O zamanlar, Qingshi bunu hiç çözemiyordu, ayrıca geniş bir bilgi yelpazesine sahipti ve birçok yakışıklı kahraman görmüştü, ama ne tür bir geçmişe sahip olduğunu, ne tür bir statü ve kimliğe sahip olduğunu hayal edemiyordu, böylece Li Qiye ile eşleşebilirdi.
Bir an için Qingshi biraz şaşkına döndü.
Qingshi taş bebeği sonuna kadar takip etti ve bu süre zarfında Qingshi taş bebeğin durumunu anladı ve ayrıca Li Qiye ile taş bebeğin nasıl tanıştığını da biliyordu.
Ne kadar net bilirse, Qingshi’nin kalbindeki gizem o kadar büyük hale geliyordu, bu da onu Li Qiye’yi net bir şekilde göremiyordu, ve Li Qiye’nin nasıl bir insan olduğunu bilmiyordu.

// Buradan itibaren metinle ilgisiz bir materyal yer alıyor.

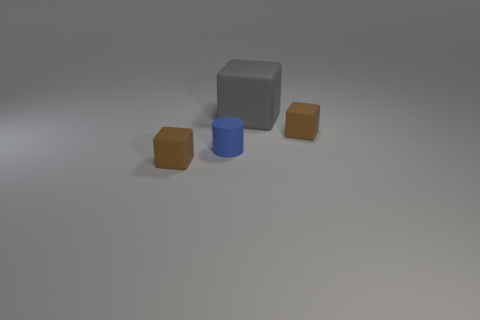Subtract 1 blocks. How many blocks are left? 2 Subtract all small cubes. How many cubes are left? 1 Add 1 large yellow metallic spheres. How many objects exist? 5 Subtract all cubes. How many objects are left? 1 Add 1 blue things. How many blue things exist? 2 Subtract 0 gray cylinders. How many objects are left? 4 Subtract all big rubber things. Subtract all brown objects. How many objects are left? 1 Add 1 gray rubber cubes. How many gray rubber cubes are left? 2

İşte tam da bu yüzden bu Qingshi’nin kalbinde Li Qiye’nin kökeni, Li Qiye’nin kimliği ve Li Qiye’nin kökeni hakkında daha fazla meraklı hale getiriyor…… Ve böylece, hepsi merak dolu.

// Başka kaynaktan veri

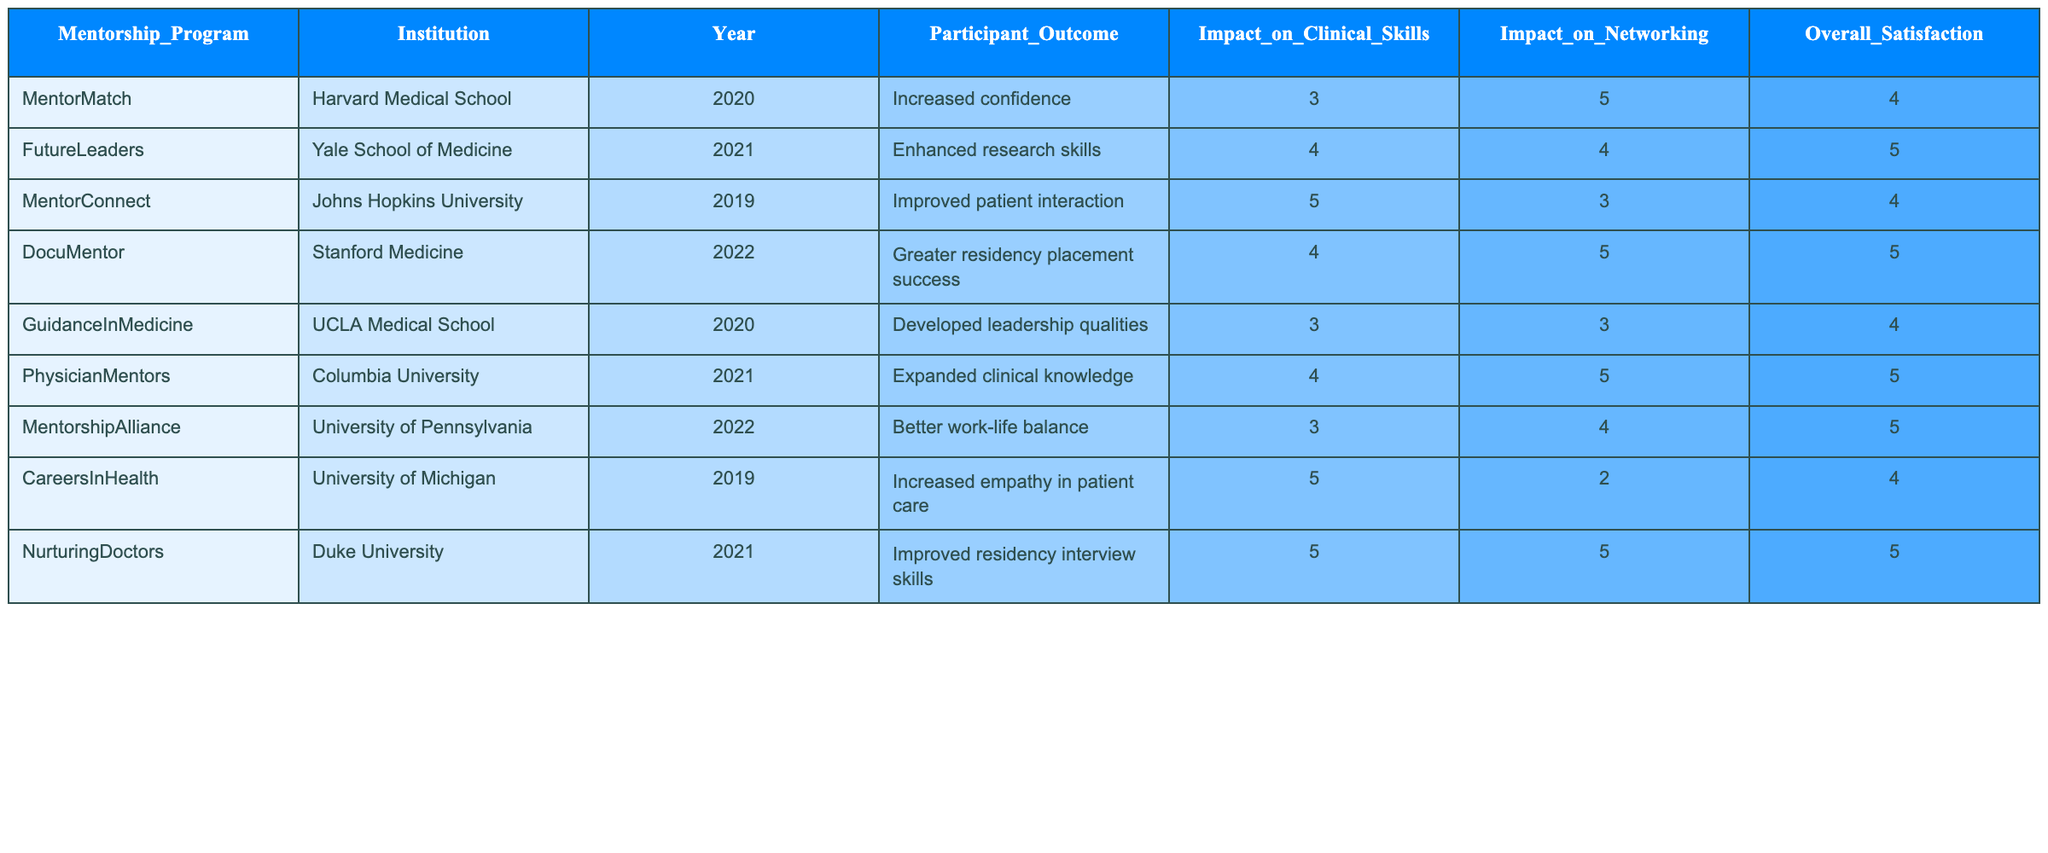What was the participant outcome of the mentorship program at Stanford Medicine in 2022? The table indicates that the participant outcome for the DocuMentor program at Stanford Medicine in 2022 was "Greater residency placement success."
Answer: Greater residency placement success Which institution had a mentorship program that improved patient interaction? The table shows that the mentorship program at Johns Hopkins University, called MentorConnect, had the outcome of "Improved patient interaction."
Answer: Johns Hopkins University What is the overall satisfaction score for the FutureLeaders mentorship program? Referring to the table, the overall satisfaction score for the FutureLeaders program at Yale School of Medicine is 5.
Answer: 5 Which mentorship program had the highest impact on clinical skills? Upon reviewing the table, the MentorConnect program at Johns Hopkins University had the highest impact on clinical skills with a score of 5.
Answer: MentorConnect How many mentorship programs reported an impact on networking with a score of 5? By examining the table, there are two programs with an impact on networking scored at 5: DocuMentor and PhysicianMentors.
Answer: 2 Is it true that the NurturingDoctors program improved leadership qualities among participants? The table shows that the participant outcome for the NurturingDoctors program was "Improved residency interview skills," not leadership qualities. Therefore, the statement is false.
Answer: No What was the average impact on clinical skills across all mentorship programs listed? To find the average, sum the impact on clinical skills scores (3 + 4 + 5 + 4 + 3 + 4 + 3 + 5 + 5 = 36) and divide by the number of programs (9), which gives an average of 4.
Answer: 4 Which program had both the highest impact on networking and the highest overall satisfaction? From the table, the DocuMentor program had the highest impact on networking (5) and also achieved an overall satisfaction score of 5.
Answer: DocuMentor What percentage of programs has an overall satisfaction score of 5? There are 3 programs (FutureLeaders, PhysicianMentors, and DocuMentor) that scored 5 for overall satisfaction out of 9 programs total. Thus, the percentage is (3/9) * 100 = 33.33%.
Answer: 33.33% Which program from Columbia University had the highest impact on networking? The table shows that the PhysicianMentors program from Columbia University had an impact on networking scored at 5, which is the highest among the listed programs.
Answer: PhysicianMentors

Qingshi ne yaptı, bunu Li Qiye’den nasıl saklayabilirdi ki, ama buna dikkat etmedi.
“Heh, heh, heh, genç efendinin atalarının şehrinde ne işi var?” Taş bebek atalarının şehrine gitmişti, Qingshi bunu biliyordu ama Li Qiye atalarının şehrine gitmişti, bu ne içindi.
“Yerde toplanacak hazineler olup olmadığına bak, o yüzden yürüyüşe çık.” Li Qiye abartısızdı.
Tabii ki Qingshi inanmadı, hatta taş baltayı bile taş bebeğe gelişigüzel verdi ve sadece bir günlüğüne birbirini tanıyan bir kişiydi, Li Qiye’nin hazine için atalarının şehrine gideceğine inanmıyordu.
Qingshi cesur bir tahminde bile bulundu, Li Qiye’nin gözlerinin önüne konmuş bir Daojun silahı bile olsa, onu göremeyebilirdi, belki de böyle bir Daojun silahı, Li Qiye’nin gözünde kırık bakır ve demir gibiydi.
“İnanma, genç efendi beni kandırdı.” Qingshi de açık sözlüydü ve kalbindeki şüpheleri dile getirdi.
Li Qiye de gülümsedi ve cevap vermedi, sadece Qingshi’ye baktı ve hafifçe konuştu: “O zaman nereden kaçtın?”
Li Qiye’nin rahat bakışları Qingshi’nin kalbini öfkelendirdi, Li Qiye’nin sıradan bakışlarının vücudunun her yerine bakmasına neden olduğunu hissetti, bu da yüzünün kızarmasına neden oldu ve aceleyle birkaç adım geri attı.
“Ben, evim uzak değil, uzak değil, hala nispeten yakın.” Qingshi meşgul bir şekilde söyledi.
Li Qiye gülümsedi ve sormadı.
Qingshi, Li Qiye’ye baktı ve yumuşak bir şekilde konuştu: “Ben, bazı haberler duydum, duydum, Savaş Ölümsüz İmparatoru’nun taş platformunun taş ormana düştüğünü duydum, doğru mu değil mi bilmiyorum, genç efendi biliyor mu?” Bakarken tekrar Li Qiye’ye baktı ve bunu söylediğinde Li Qiye’nin tepkisini test ediyordu.
“Bu tür haberler kedilerin ve köpeklerin duyabileceği bir şey değil.” Li Qiye abartısızdı.
Qingshi atının ayaklarını gösterdi, kuru bir şekilde güldü ve aceleyle geçmişi örttü: “Ben de tesadüfen duydum, doğru olup olmadığını bilmiyorum.”